Ada udang di balik batu, batin Rayen.
"Iya."
"Ya udah. Selamat tidur, Nak." Rayen tersenyum kecil, lalu menutup pintunya.
Rayen melemparkan totebag itu ke sembarang tempat. Ia tidak butuh itu. Rayen tidak perlu barang mewah dari orang tuanya, karena yang cowok itu butuhkan hanyalah waktu untuknya.
"Arghh!"
Untung saja kamar ini kedap suara, jadi Rayen bisa melepaskan semua apa yang dirasakannya.

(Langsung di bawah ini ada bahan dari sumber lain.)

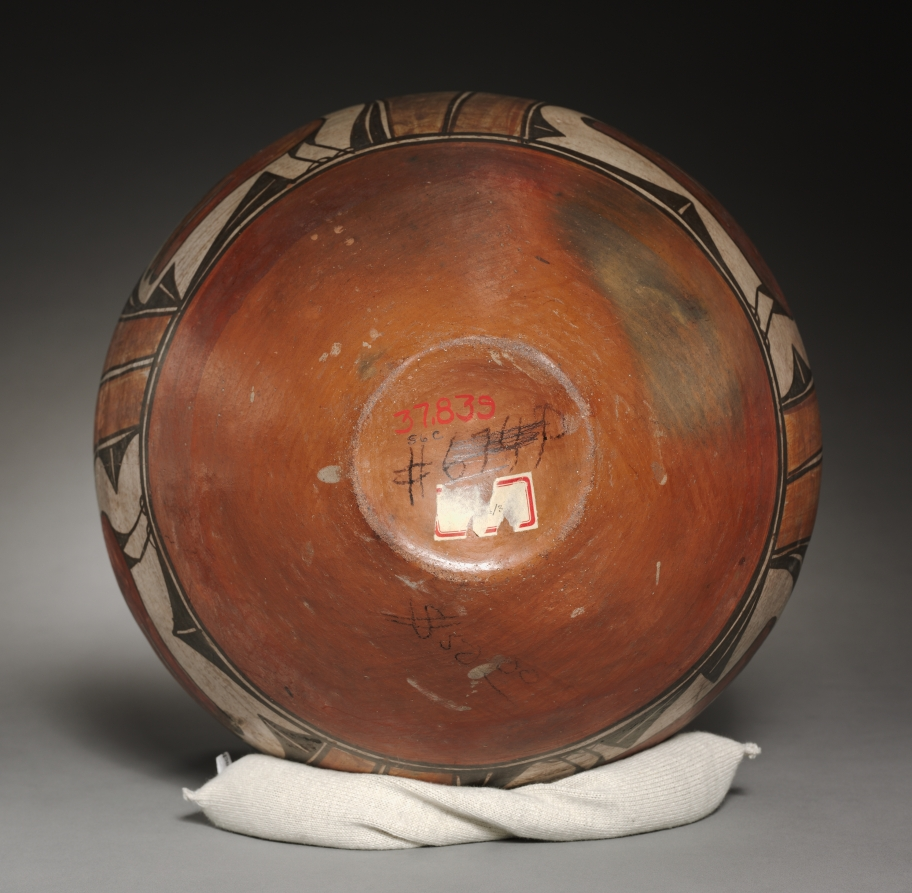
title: Water Jar/ Olla
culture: Southwest, Pueblo, Zia, Post- Contact Period, 20th century
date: 1900
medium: ceramic
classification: Ceramic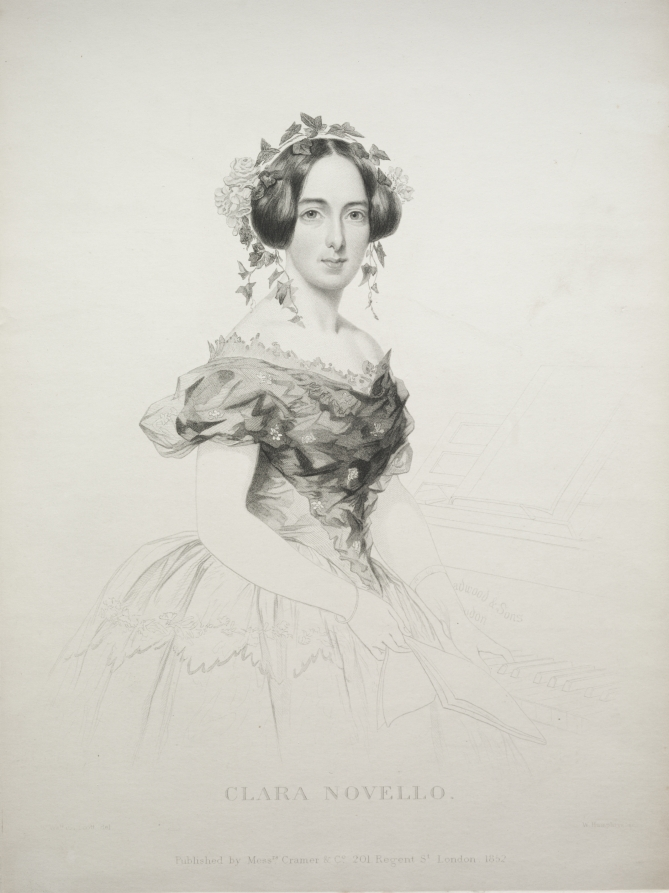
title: Clara Novello
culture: England, 19th century
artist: William Humphreys (British, 1794–1865)
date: 1852
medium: stipple and roulette
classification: Print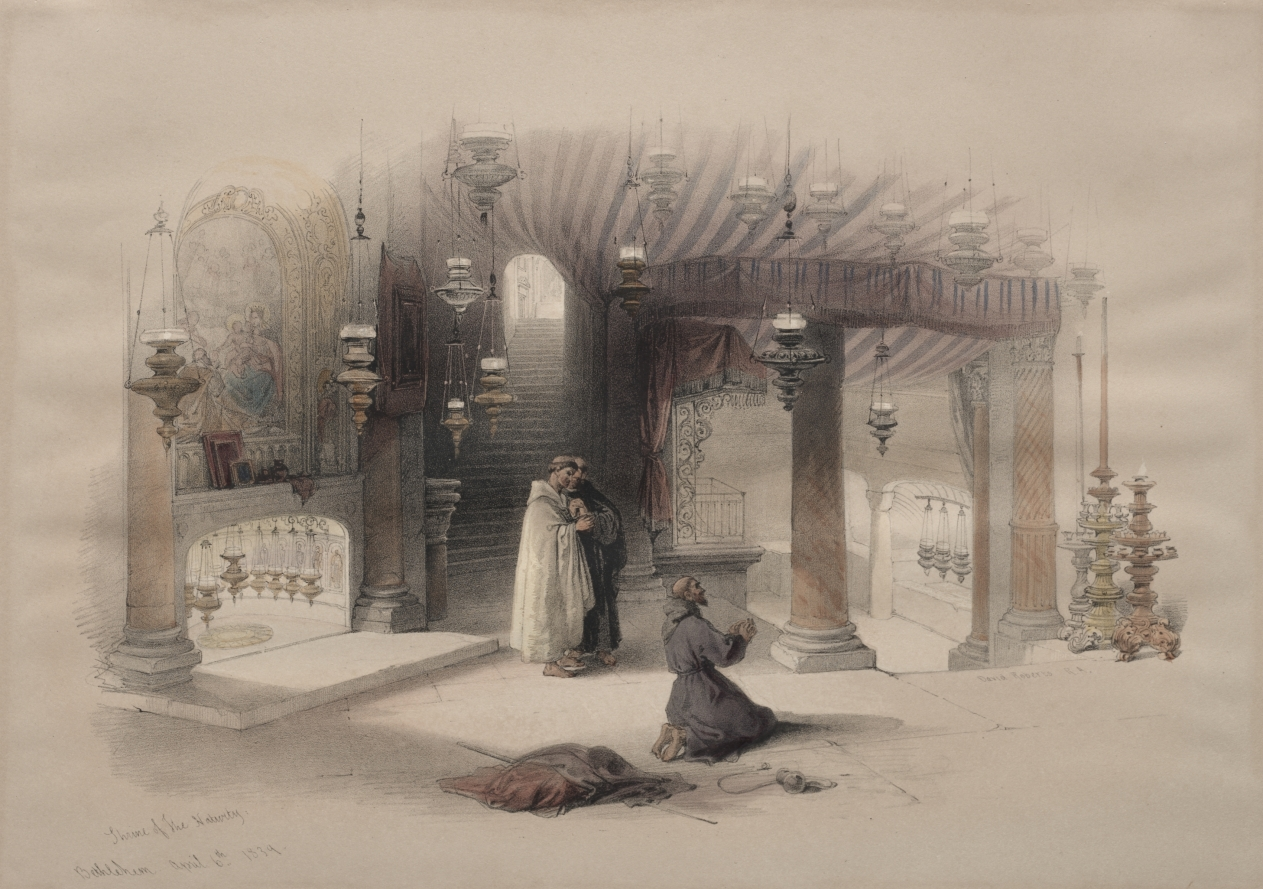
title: Shrine of the Nativity, Bethlehem
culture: England, 19th century
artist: David Roberts (Scottish, 1796–1864)
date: 1839
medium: color lithograph
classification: Print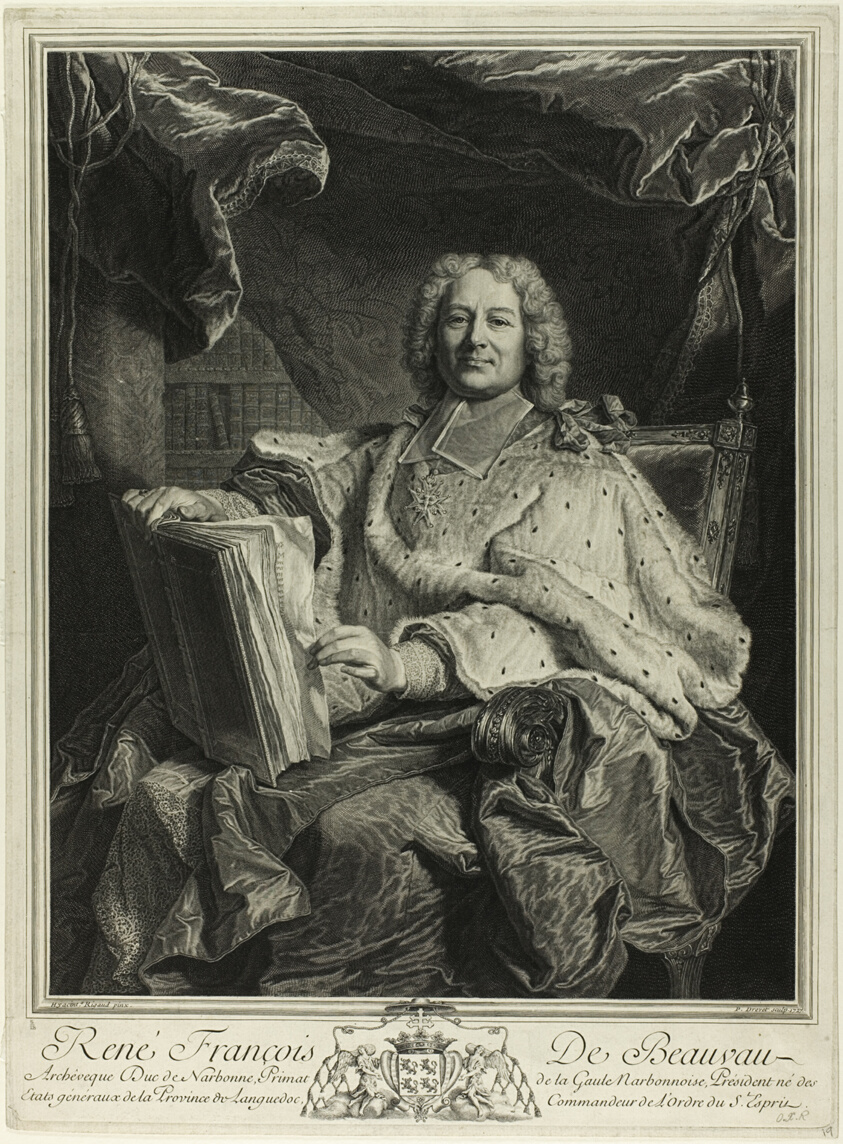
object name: Print
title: Portrait of René François de Beauveau du Rivau
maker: Pierre Drevet (French, 1663-1738) and Pierre-Imbert Drevet (French, 1697-1739); after Hyacinthe Rigaud (French, 1659-1743)
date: 1727
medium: Engraving on ivory laid paper
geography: France
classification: engraving; print; prints and drawing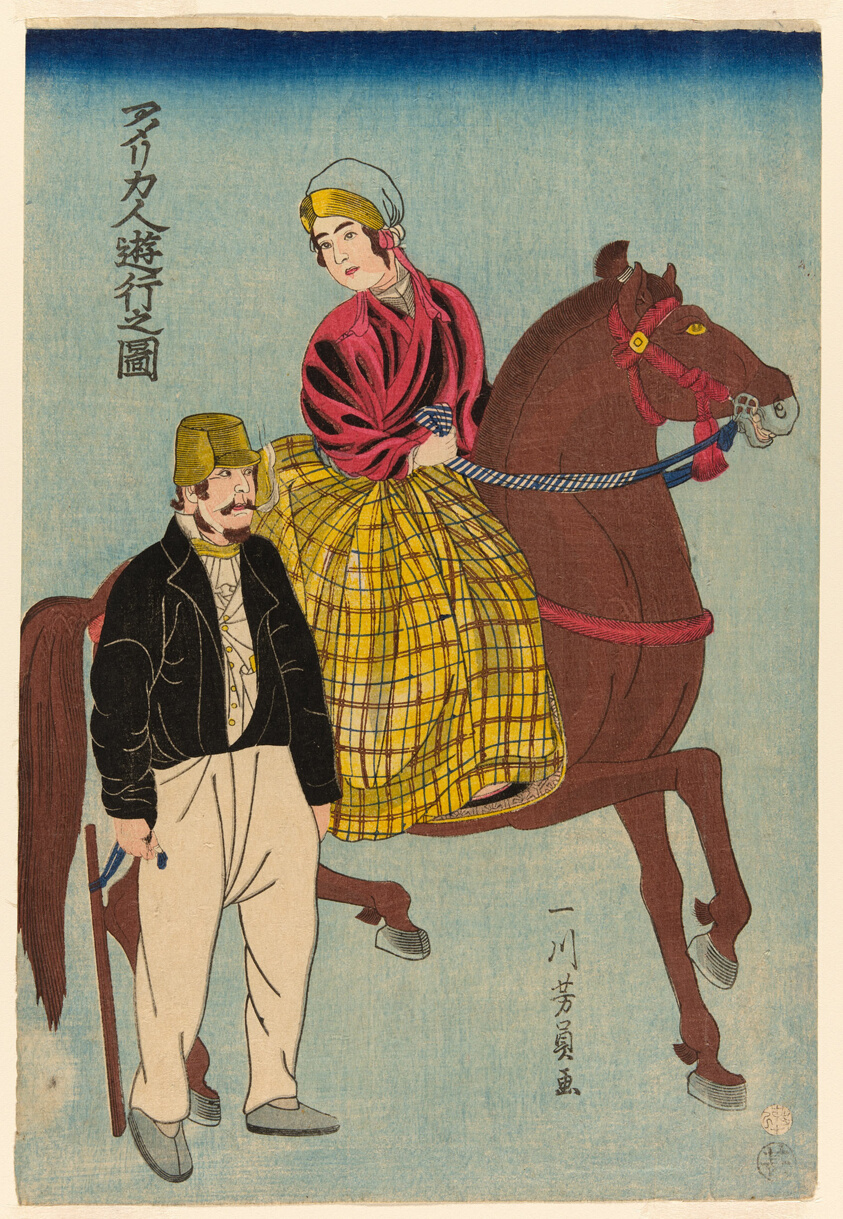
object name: Print
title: Americans on an Outing (Amerikajin yuko no zu)
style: Japanese (culture or style)
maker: Utagawa Yoshikazu (Japanese, active c. 1850–70)
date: 1860
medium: Color woodblock print; oban
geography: Japan
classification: woodblock print; print; asian art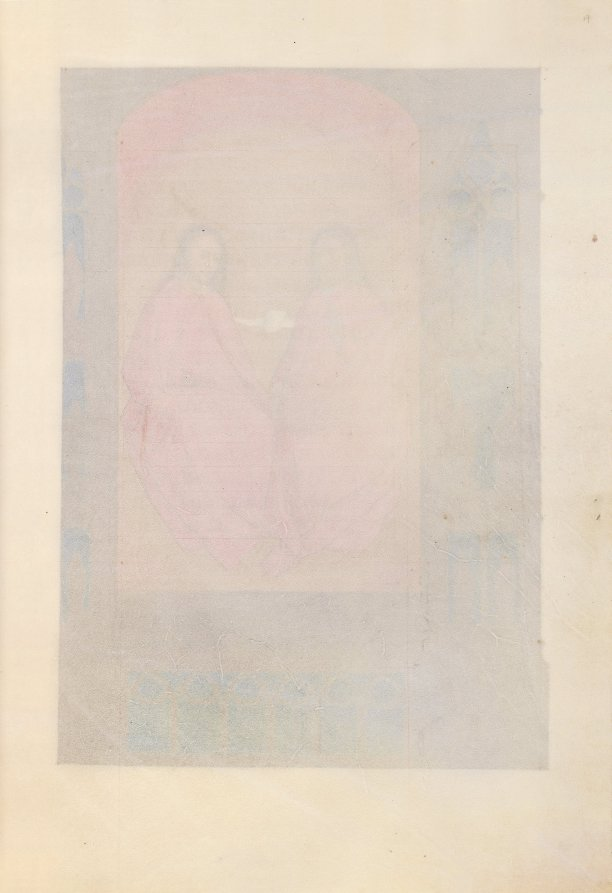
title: Hours of Queen Isabella the Catholic, Queen of Spain: Fol. 17r
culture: Flanders, Ghent and Bruges, late 15th century
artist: Master of the First Prayerbook of Maximillian (Flemish, c. 1444–1519)
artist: and Associates
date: c. 1500
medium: ink, tempera, and gold on vellum
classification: Bound Volume
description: This manuscript was illuminated by a circle of at least five highly organized manuscript painters active in the Flemish cities of Ghent and Bruges. The principal illuminator was Alexander Bening, who painted the majority of the book's miniatures. Manuscripts produced by this circle of artists are renowned for the decoration of their borders, which typically feature a rich variety of realistically-painted flowers, birds, and butterflies. This prayer book, called a book of hours, was intended not for a cleric, but for the private devotions of a lay person-in this case, Isabella the Catholic, Queen of Spain (1451-1504). Isabella's coat of arms embellishes the book's frontispiece. It is unlikely that the book was commissioned by the Queen herself; rather, she probably received it as a diplomatic gift from someone courting her patronage, perhaps Cardinal Francisco Jimenez de Cisneros. A Franciscan friar, Jimenez was dependent upon Isabella for his advancement, first to the post of Queen's confessor in 1492, and then to Archbishop of Toledo in 1495.

Rayen iri melihat Diyan yang mempunyai keluarga harmonis, sesibuk apa pun orang tuanya, tetap saja cowok itu dimanjakan dan dianggap seorang anak yang selalu butuh kasih sayang.
Rayen juga iri melihat Yunian. Walaupun gadis itu hanya tinggal berdua dengan ibunya, tetapi Yunian dapat merasakan penuh kasih sayang dari seorang ibu.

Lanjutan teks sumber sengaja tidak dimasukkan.